### TASK DESCRIPTION
In the data below, find each line carrying the string "width" and copy it out.

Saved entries
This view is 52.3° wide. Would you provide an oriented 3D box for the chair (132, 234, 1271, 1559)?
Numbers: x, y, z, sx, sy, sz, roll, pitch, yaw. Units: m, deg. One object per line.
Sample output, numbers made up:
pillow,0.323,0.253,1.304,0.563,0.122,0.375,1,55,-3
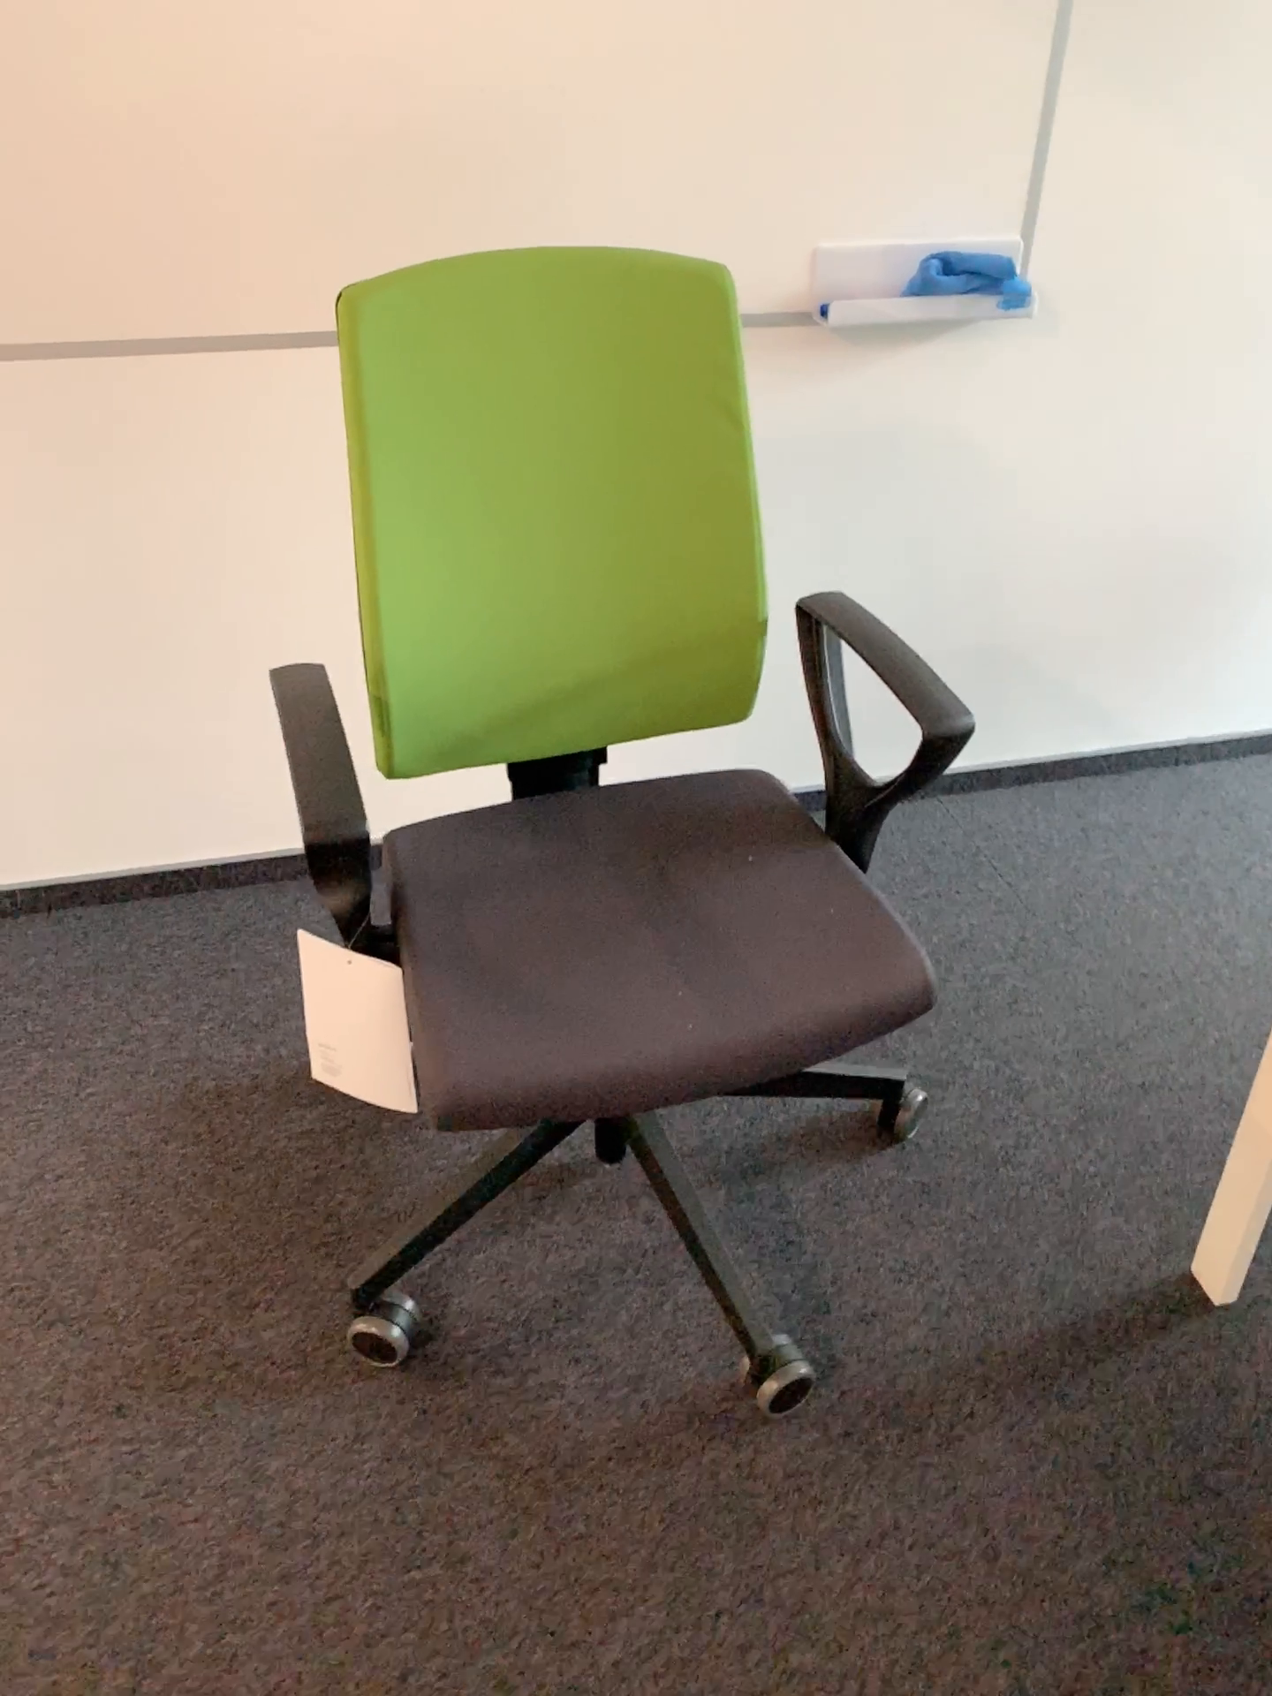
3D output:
chair,0.003,-0.015,1.310,0.761,0.964,0.733,-11,36,-17
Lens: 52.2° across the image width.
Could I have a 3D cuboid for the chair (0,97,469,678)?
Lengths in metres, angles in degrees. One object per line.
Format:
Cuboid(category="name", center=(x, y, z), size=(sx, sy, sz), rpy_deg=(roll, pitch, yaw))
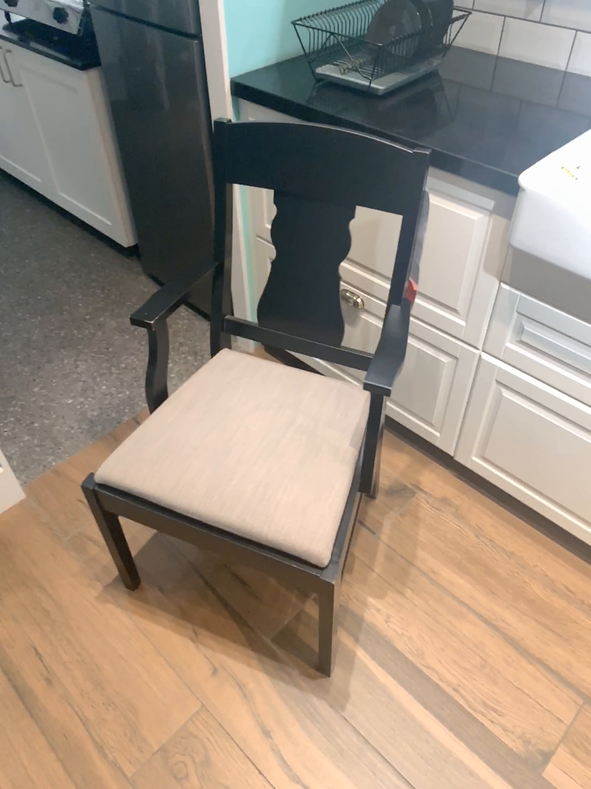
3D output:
Cuboid(category="chair", center=(-0.080, 0.000, 1.217), size=(0.571, 0.887, 0.592), rpy_deg=(16, 47, 17))
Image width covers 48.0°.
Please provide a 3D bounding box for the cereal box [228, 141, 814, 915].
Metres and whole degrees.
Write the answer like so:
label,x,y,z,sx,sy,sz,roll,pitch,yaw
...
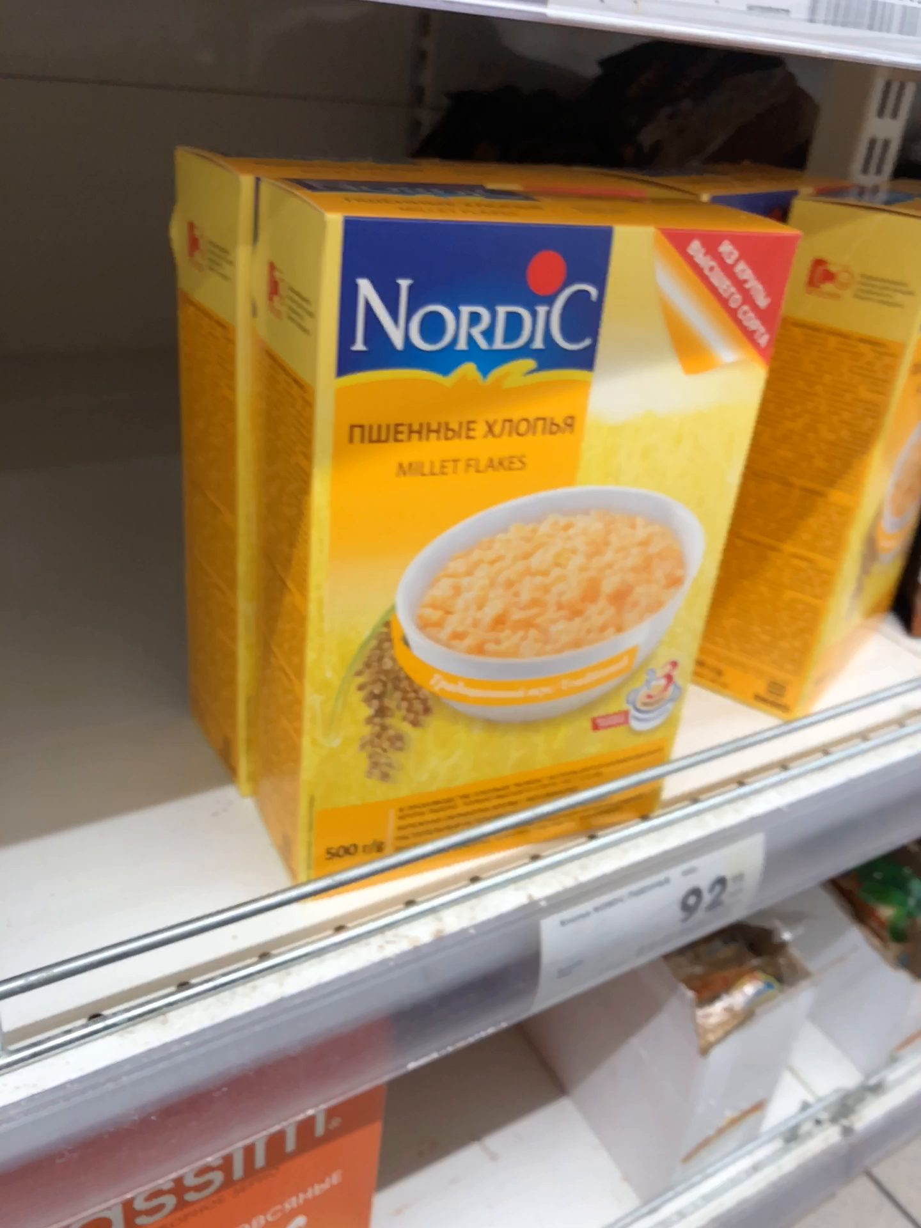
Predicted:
label,x,y,z,sx,sy,sz,roll,pitch,yaw
cereal box,0.007,-0.023,0.316,0.140,0.209,0.060,-8,31,-24

### YOUR SOLUTION
Lens: 52.2° across the image width.
Image width covers 48.0°.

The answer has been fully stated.